Other simple creative tactics to tackle that never-ending project list:

  • Edit: To leave room for what’s really viable to grow we need to weed out the ideas and projects that are simply not worth our attention, focus and time. We must assess our ideas and projects objectively or ask a friend or colleague for feedback, this way we could begin testing the validity and viability of ideas and only keep those that go through a gantlet of research, experimentation, and feedback.
  • Mash: Ideas and projects that come to us independently have an amazing way of coming together. Assess which ideas in your list could actually be part of a single project, which projects could actually be different versions of one and the same! When we assess our ideas and projects through a big picture lens and aim to make connections, we can get new sparks of inspiration to happen.

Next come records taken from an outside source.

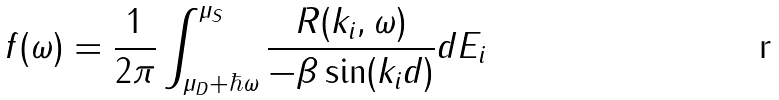<formula> <loc_0><loc_0><loc_500><loc_500>f ( \omega ) = \frac { 1 } { 2 \pi } \int _ { \mu _ { D } + \hbar { \omega } } ^ { \mu _ { S } } \frac { R ( k _ { i } , \omega ) } { - \beta \sin ( k _ { i } d ) } d E _ { i }</formula> 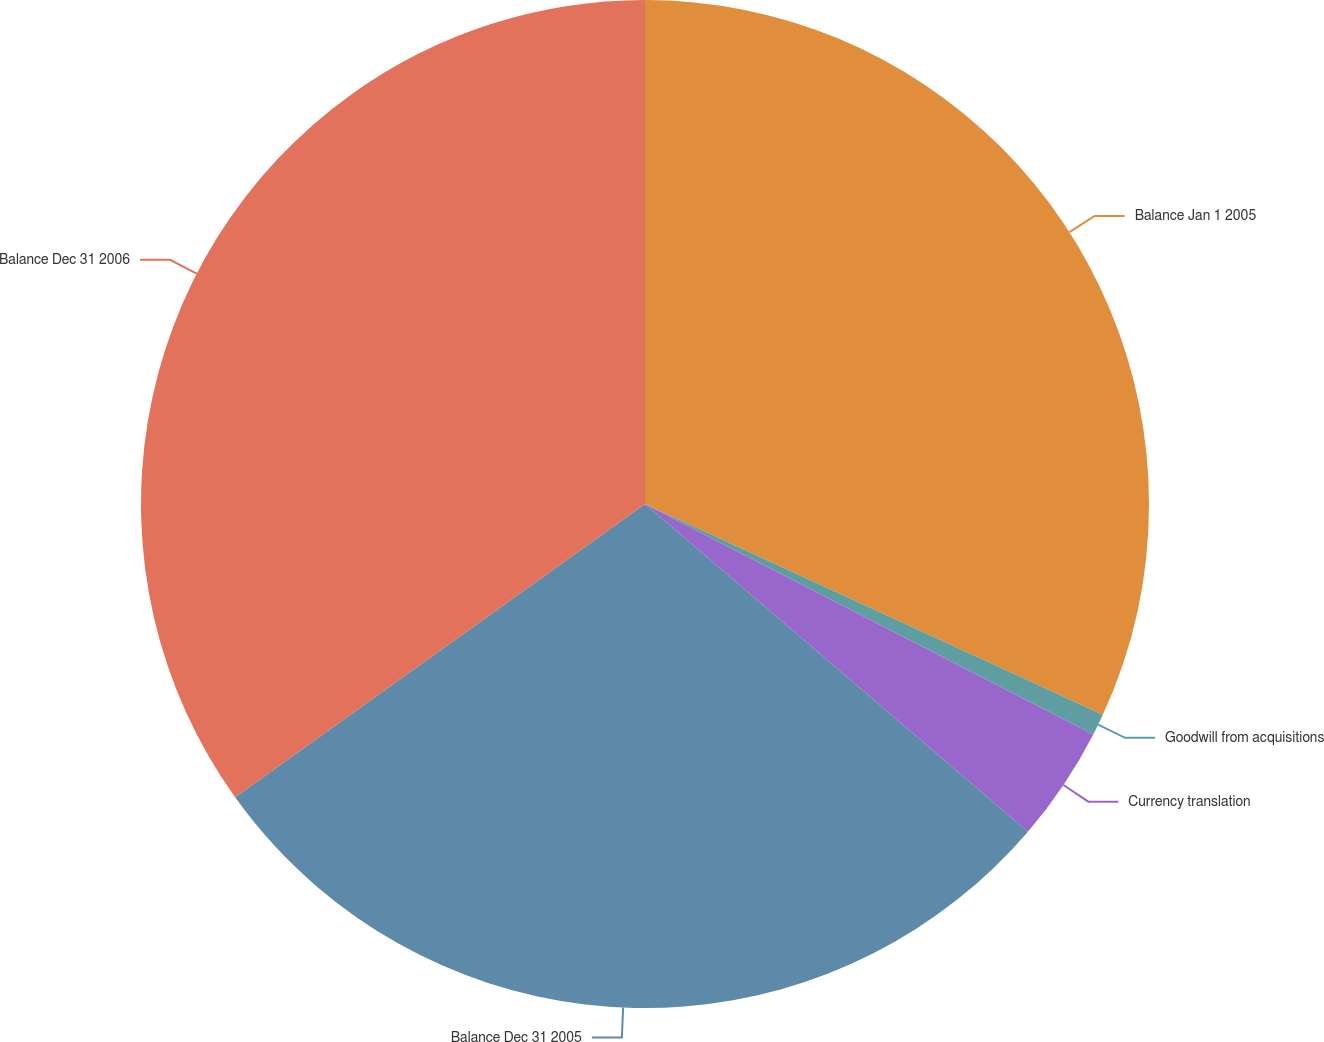<chart> <loc_0><loc_0><loc_500><loc_500><pie_chart><fcel>Balance Jan 1 2005<fcel>Goodwill from acquisitions<fcel>Currency translation<fcel>Balance Dec 31 2005<fcel>Balance Dec 31 2006<nl><fcel>31.87%<fcel>0.69%<fcel>3.71%<fcel>28.85%<fcel>34.89%<nl></chart> 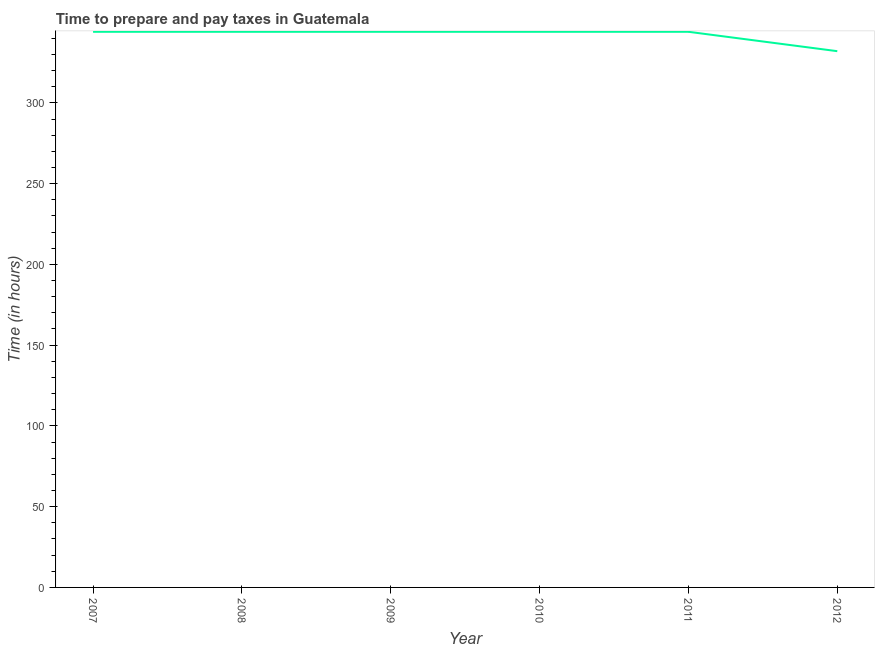What is the time to prepare and pay taxes in 2008?
Your answer should be very brief. 344. Across all years, what is the maximum time to prepare and pay taxes?
Your answer should be compact. 344. Across all years, what is the minimum time to prepare and pay taxes?
Offer a terse response. 332. In which year was the time to prepare and pay taxes minimum?
Keep it short and to the point. 2012. What is the sum of the time to prepare and pay taxes?
Offer a terse response. 2052. What is the average time to prepare and pay taxes per year?
Give a very brief answer. 342. What is the median time to prepare and pay taxes?
Provide a short and direct response. 344. What is the ratio of the time to prepare and pay taxes in 2008 to that in 2012?
Your answer should be very brief. 1.04. Is the time to prepare and pay taxes in 2007 less than that in 2010?
Your answer should be very brief. No. Is the sum of the time to prepare and pay taxes in 2007 and 2009 greater than the maximum time to prepare and pay taxes across all years?
Give a very brief answer. Yes. What is the difference between the highest and the lowest time to prepare and pay taxes?
Provide a short and direct response. 12. In how many years, is the time to prepare and pay taxes greater than the average time to prepare and pay taxes taken over all years?
Offer a very short reply. 5. How many lines are there?
Offer a very short reply. 1. How many years are there in the graph?
Make the answer very short. 6. What is the difference between two consecutive major ticks on the Y-axis?
Keep it short and to the point. 50. Does the graph contain any zero values?
Keep it short and to the point. No. Does the graph contain grids?
Ensure brevity in your answer.  No. What is the title of the graph?
Your answer should be compact. Time to prepare and pay taxes in Guatemala. What is the label or title of the Y-axis?
Ensure brevity in your answer.  Time (in hours). What is the Time (in hours) in 2007?
Offer a very short reply. 344. What is the Time (in hours) of 2008?
Provide a succinct answer. 344. What is the Time (in hours) of 2009?
Provide a succinct answer. 344. What is the Time (in hours) in 2010?
Ensure brevity in your answer.  344. What is the Time (in hours) of 2011?
Ensure brevity in your answer.  344. What is the Time (in hours) of 2012?
Keep it short and to the point. 332. What is the difference between the Time (in hours) in 2007 and 2008?
Ensure brevity in your answer.  0. What is the difference between the Time (in hours) in 2008 and 2010?
Provide a succinct answer. 0. What is the difference between the Time (in hours) in 2009 and 2011?
Make the answer very short. 0. What is the difference between the Time (in hours) in 2010 and 2012?
Your answer should be compact. 12. What is the ratio of the Time (in hours) in 2007 to that in 2008?
Give a very brief answer. 1. What is the ratio of the Time (in hours) in 2007 to that in 2010?
Your answer should be compact. 1. What is the ratio of the Time (in hours) in 2007 to that in 2011?
Provide a succinct answer. 1. What is the ratio of the Time (in hours) in 2007 to that in 2012?
Ensure brevity in your answer.  1.04. What is the ratio of the Time (in hours) in 2008 to that in 2010?
Make the answer very short. 1. What is the ratio of the Time (in hours) in 2008 to that in 2012?
Your answer should be compact. 1.04. What is the ratio of the Time (in hours) in 2009 to that in 2011?
Your response must be concise. 1. What is the ratio of the Time (in hours) in 2009 to that in 2012?
Offer a very short reply. 1.04. What is the ratio of the Time (in hours) in 2010 to that in 2011?
Offer a terse response. 1. What is the ratio of the Time (in hours) in 2010 to that in 2012?
Ensure brevity in your answer.  1.04. What is the ratio of the Time (in hours) in 2011 to that in 2012?
Offer a terse response. 1.04. 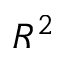<formula> <loc_0><loc_0><loc_500><loc_500>R ^ { 2 }</formula>

  • Delete: Don’t be afraid to say goodbye to an idea or project. Be ready and willing to shed that which no longer serves you, drags you… There’s no shame in turn around when you have a feeling (or know for sure) you are going in the wrong direction.

Every single project on your list can be achieved with a bit of flexibility, imagination and creativity. If you let them evolve, mash, they might become even better than you originally anticipated!